ASSIGNED TASK -
Return the following from the records below: each line, word for word, starting with the line that contains "table_cell schaal 4a [422, 458, 582, 482]" and going on through the line that contains "table_cell na 12 maanden [582, 327, 957, 352]", with nothing outside that range.

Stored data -
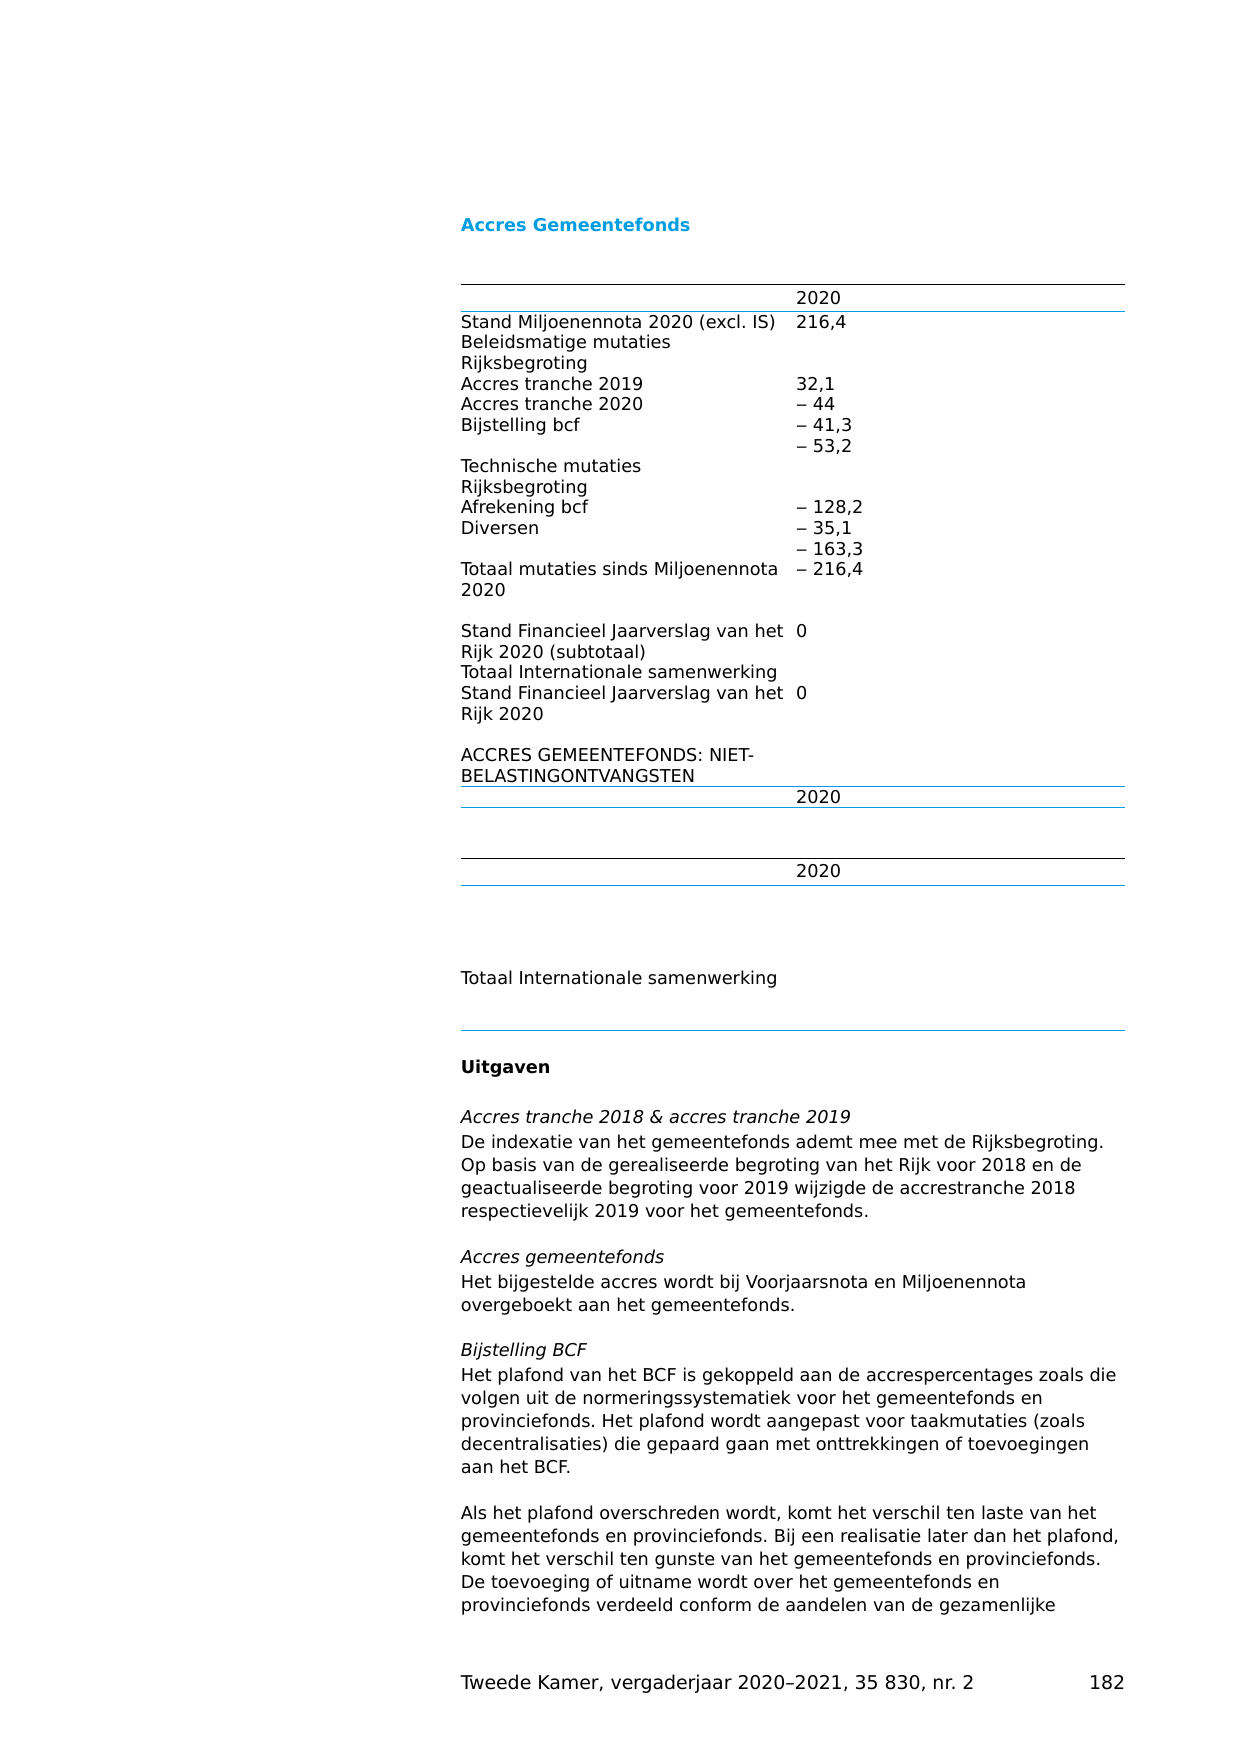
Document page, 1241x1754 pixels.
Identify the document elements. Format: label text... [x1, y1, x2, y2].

table_cell [793, 745, 1125, 786]
table_cell 32,1 [793, 374, 1125, 394]
table_header ACCRES GEMEENTEFONDS: NIET-BELASTINGONTVANGSTEN [461, 833, 1125, 858]
table_cell [461, 927, 793, 947]
table_cell [461, 787, 793, 807]
table_cell 2020 [793, 285, 1125, 311]
table_cell ‒ 35,1 [793, 518, 1125, 539]
table_cell Rijksbegroting [461, 353, 793, 374]
table_cell [461, 539, 793, 559]
text Uitgaven [461, 1055, 1125, 1078]
table_cell [793, 906, 1125, 927]
table_cell [793, 1009, 1125, 1030]
table_cell Totaal Internationale samenwerking [461, 663, 793, 683]
text Bijstelling BCF [461, 1338, 1125, 1361]
table_cell [793, 886, 1125, 906]
table_cell [793, 989, 1125, 1009]
table_cell ‒ 44 [793, 394, 1125, 415]
table_cell 0 [793, 621, 1125, 662]
table_header ACCRES GEMEENTEFONDS: UITGAVEN [461, 259, 1125, 284]
table_cell [461, 989, 793, 1009]
table_cell Beleidsmatige mutaties [461, 333, 793, 353]
table_cell [461, 436, 793, 456]
table_cell Technische mutaties [461, 456, 793, 477]
text Accres gemeentefonds [461, 1245, 1125, 1268]
text Het plafond van het BCF is gekoppeld aan de accrespercentages zoals die volgen uit de normeringssystematiek voor het gemeentefonds en provinciefonds. Het plafond wordt aangepast voor taakmutaties (zoals decentralisaties) die gepaard gaan met onttrekkingen of toevoegingen aan het BCF. [461, 1363, 1125, 1478]
text Accres tranche 2018 & accres tranche 2019 [461, 1105, 1125, 1128]
table_cell [461, 859, 793, 885]
table_cell [793, 333, 1125, 353]
table_cell [461, 906, 793, 927]
text Het bijgestelde accres wordt bij Voorjaarsnota en Miljoenennota overgeboekt aan het gemeentefonds. [461, 1270, 1125, 1316]
table_cell Accres tranche 2020 [461, 394, 793, 415]
table_cell [793, 947, 1125, 968]
title Accres Gemeentefonds [461, 213, 1125, 236]
table_cell Diversen [461, 518, 793, 539]
table_cell Rijksbegroting [461, 477, 793, 497]
table_cell [461, 285, 793, 311]
table_cell 216,4 [793, 312, 1125, 332]
table_cell 0 [793, 683, 1125, 724]
table_cell 2020 [793, 787, 1125, 807]
table_cell [461, 601, 793, 621]
table_cell [793, 724, 1125, 745]
table_cell ‒ 163,3 [793, 539, 1125, 559]
table_cell ‒ 216,4 [793, 559, 1125, 601]
table_cell Stand Financieel Jaarverslag van het Rijk 2020 [461, 683, 793, 724]
table_cell ACCRES GEMEENTEFONDS: NIET-BELASTINGONTVANGSTEN [461, 745, 793, 786]
table_cell [793, 477, 1125, 497]
table_cell Stand Miljoenennota 2020 (excl. IS) [461, 312, 793, 332]
table_cell [461, 947, 793, 968]
table_cell 2020 [793, 859, 1125, 885]
table_cell [793, 927, 1125, 947]
table_cell [461, 724, 793, 745]
table_cell [793, 968, 1125, 988]
table_cell Accres tranche 2019 [461, 374, 793, 394]
table_cell [793, 663, 1125, 683]
table_cell [461, 886, 793, 906]
table_cell ‒ 53,2 [793, 436, 1125, 456]
table_cell [793, 353, 1125, 374]
table_cell ‒ 128,2 [793, 498, 1125, 518]
table_cell Totaal Internationale samenwerking [461, 968, 793, 988]
table_cell [793, 601, 1125, 621]
table_cell [793, 456, 1125, 477]
table_cell Bijstelling bcf [461, 415, 793, 436]
table_cell [461, 1009, 793, 1030]
table_cell Stand Financieel Jaarverslag van het Rijk 2020 (subtotaal) [461, 621, 793, 662]
table_cell ‒ 41,3 [793, 415, 1125, 436]
text De indexatie van het gemeentefonds ademt mee met de Rijksbegroting. Op basis van de gerealiseerde begroting van het Rijk voor 2018 en de geactualiseerde begroting voor 2019 wijzigde de accrestranche 2018 respectievelijk 2019 voor het gemeentefonds. [461, 1130, 1125, 1222]
text Als het plafond overschreden wordt, komt het verschil ten laste van het gemeentefonds en provinciefonds. Bij een realisatie later dan het plafond, komt het verschil ten gunste van het gemeentefonds en provinciefonds. De toevoeging of uitname wordt over het gemeentefonds en provinciefonds verdeeld conform de aandelen van de gezamenlijke [461, 1501, 1125, 1616]
table_cell Totaal mutaties sinds Miljoenennota 2020 [461, 559, 793, 601]
table_cell Afrekening bcf [461, 498, 793, 518]
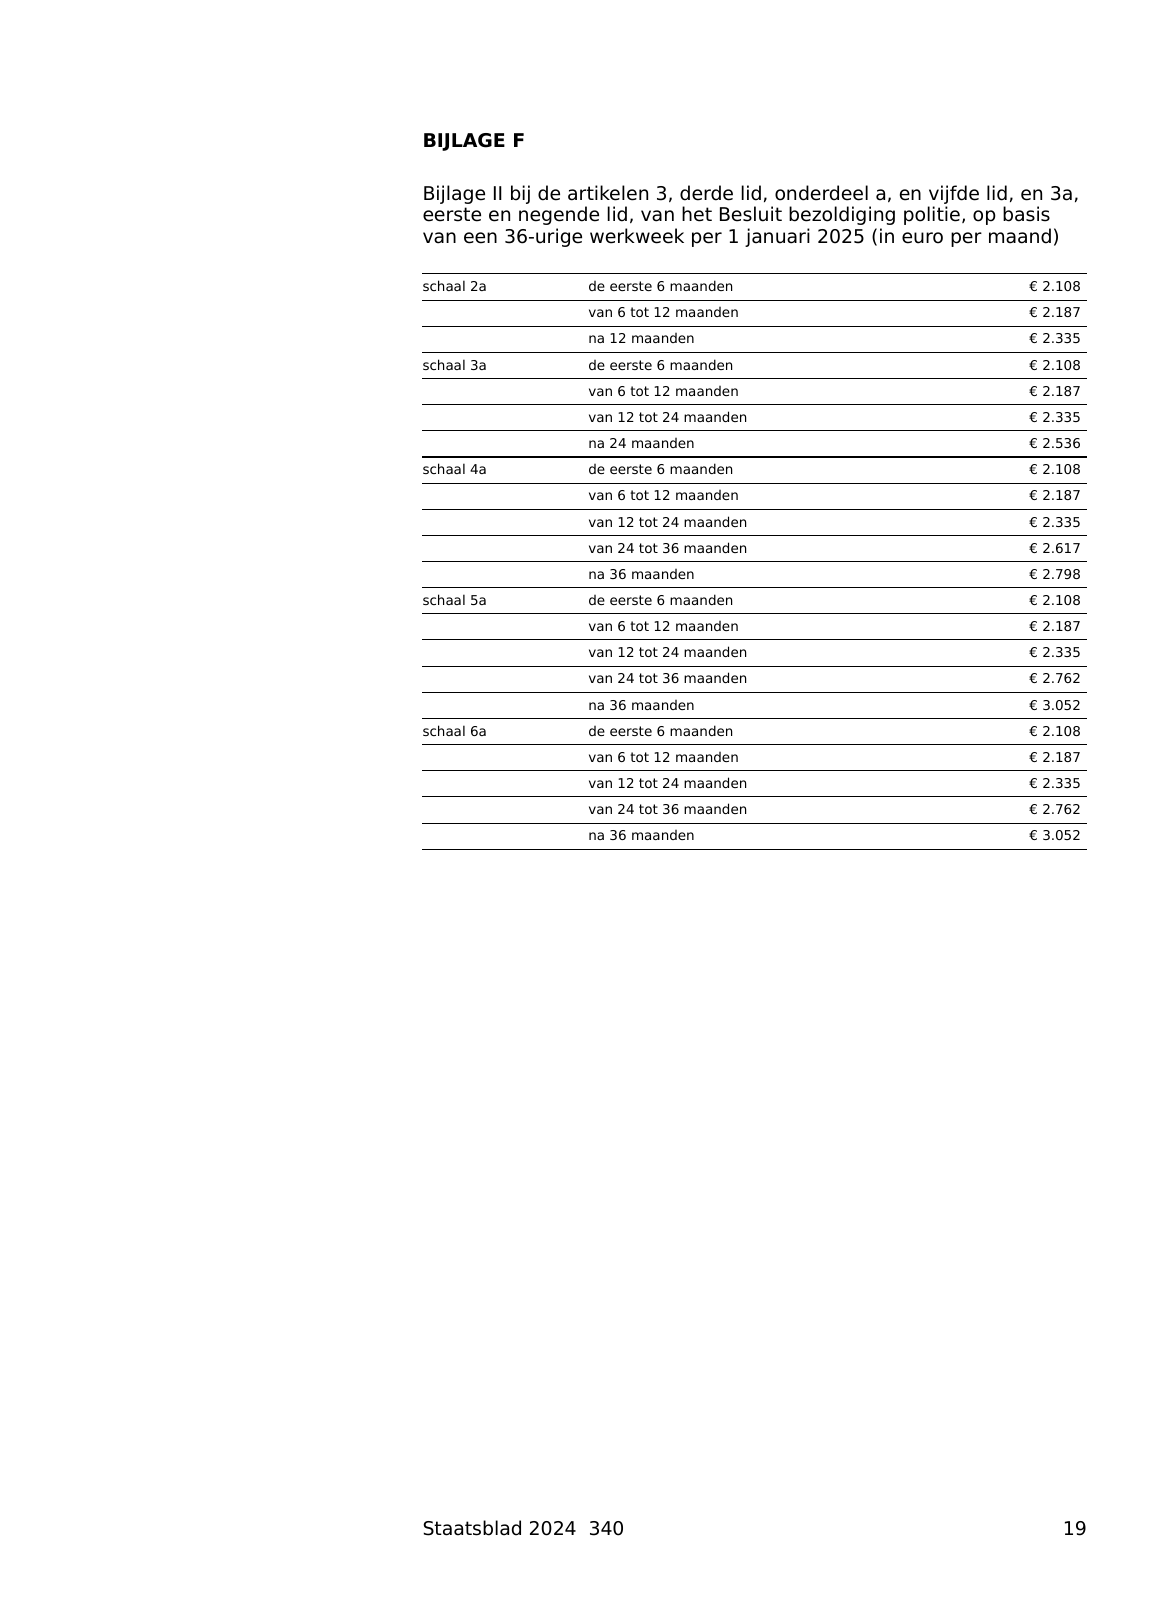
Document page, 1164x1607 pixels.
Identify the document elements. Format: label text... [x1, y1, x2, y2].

table_cell van 24 tot 36 maanden [582, 797, 957, 822]
table_cell van 24 tot 36 maanden [582, 667, 957, 692]
table_cell € 3.052 [957, 693, 1087, 718]
table_cell [422, 536, 582, 561]
table_cell van 6 tot 12 maanden [582, 301, 957, 326]
table_cell [422, 510, 582, 535]
table_cell [422, 431, 582, 456]
table_cell € 2.762 [957, 667, 1087, 692]
table_header de eerste 6 maanden [582, 274, 957, 299]
table_cell [422, 771, 582, 796]
table_cell van 12 tot 24 maanden [582, 510, 957, 535]
table_cell de eerste 6 maanden [582, 719, 957, 744]
table_cell [422, 614, 582, 639]
subtitle BIJLAGE F [422, 130, 1087, 152]
table_cell schaal 4a [422, 458, 582, 482]
table_cell van 6 tot 12 maanden [582, 614, 957, 639]
table_cell € 2.335 [957, 771, 1087, 796]
table_cell € 2.187 [957, 484, 1087, 509]
table_cell € 2.335 [957, 640, 1087, 666]
table_cell € 2.187 [957, 745, 1087, 770]
table_cell schaal 6a [422, 719, 582, 744]
table_cell € 2.335 [957, 327, 1087, 352]
table_cell [422, 484, 582, 509]
table_cell van 12 tot 24 maanden [582, 771, 957, 796]
table_cell € 2.187 [957, 301, 1087, 326]
table_cell van 6 tot 12 maanden [582, 745, 957, 770]
table_cell na 36 maanden [582, 824, 957, 848]
table_cell [422, 379, 582, 404]
table_cell € 2.187 [957, 379, 1087, 404]
table_cell [422, 405, 582, 430]
table_header € 2.108 [957, 274, 1087, 299]
table_cell € 2.108 [957, 719, 1087, 744]
table_cell [422, 797, 582, 822]
table_cell [422, 693, 582, 718]
table_cell [422, 327, 582, 352]
table_cell € 2.187 [957, 614, 1087, 639]
table_cell na 36 maanden [582, 562, 957, 587]
table_cell € 3.052 [957, 824, 1087, 848]
table_cell [422, 562, 582, 587]
table_cell van 24 tot 36 maanden [582, 536, 957, 561]
subtitle Bijlage II bij de artikelen 3, derde lid, onderdeel a, en vijfde lid, en 3a, eerste en negende lid, van het Besluit bezoldiging politie, op basis van een 36-urige werkweek per 1 januari 2025 (in euro per maand) [422, 182, 1087, 248]
table_cell na 12 maanden [582, 327, 957, 352]
table_cell van 6 tot 12 maanden [582, 484, 957, 509]
table_cell schaal 3a [422, 353, 582, 378]
table_cell [422, 745, 582, 770]
table_cell schaal 5a [422, 588, 582, 613]
table_cell € 2.617 [957, 536, 1087, 561]
table_header schaal 2a [422, 274, 582, 299]
table_cell [422, 824, 582, 848]
table_cell [422, 640, 582, 666]
table_cell € 2.335 [957, 405, 1087, 430]
table_cell € 2.762 [957, 797, 1087, 822]
table_cell na 24 maanden [582, 431, 957, 456]
table_cell de eerste 6 maanden [582, 353, 957, 378]
table_cell € 2.536 [957, 431, 1087, 456]
table_cell de eerste 6 maanden [582, 458, 957, 482]
table_cell na 36 maanden [582, 693, 957, 718]
table_cell [422, 667, 582, 692]
table_cell van 12 tot 24 maanden [582, 640, 957, 666]
table_cell de eerste 6 maanden [582, 588, 957, 613]
table_cell € 2.798 [957, 562, 1087, 587]
table_cell [422, 301, 582, 326]
table_cell van 12 tot 24 maanden [582, 405, 957, 430]
table_cell € 2.108 [957, 588, 1087, 613]
table_cell van 6 tot 12 maanden [582, 379, 957, 404]
table_cell € 2.108 [957, 353, 1087, 378]
table_cell € 2.335 [957, 510, 1087, 535]
table_cell € 2.108 [957, 458, 1087, 482]

RESPONSE TO THIS EXERCISE -
table_cell schaal 4a [422, 458, 582, 482]
table_cell van 6 tot 12 maanden [582, 614, 957, 639]
table_cell € 2.335 [957, 771, 1087, 796]
table_cell € 2.187 [957, 484, 1087, 509]
table_cell € 2.335 [957, 640, 1087, 666]
table_cell € 2.187 [957, 745, 1087, 770]
table_cell schaal 6a [422, 719, 582, 744]
table_cell € 2.335 [957, 327, 1087, 352]
table_cell [422, 484, 582, 509]
table_cell van 12 tot 24 maanden [582, 771, 957, 796]
table_cell € 2.187 [957, 301, 1087, 326]
table_cell van 6 tot 12 maanden [582, 745, 957, 770]
table_cell na 36 maanden [582, 824, 957, 848]
table_cell [422, 379, 582, 404]
table_cell € 2.187 [957, 379, 1087, 404]
table_cell [422, 405, 582, 430]
table_header € 2.108 [957, 274, 1087, 299]
table_cell € 2.108 [957, 719, 1087, 744]
table_cell [422, 797, 582, 822]
table_cell [422, 693, 582, 718]
table_cell [422, 327, 582, 352]
table_cell € 2.187 [957, 614, 1087, 639]
table_cell na 36 maanden [582, 562, 957, 587]
table_cell € 3.052 [957, 824, 1087, 848]
table_cell [422, 562, 582, 587]
table_cell van 24 tot 36 maanden [582, 536, 957, 561]
subtitle Bijlage II bij de artikelen 3, derde lid, onderdeel a, en vijfde lid, en 3a, eerste en negende lid, van het Besluit bezoldiging politie, op basis van een 36-urige werkweek per 1 januari 2025 (in euro per maand) [422, 182, 1087, 248]
table_cell na 12 maanden [582, 327, 957, 352]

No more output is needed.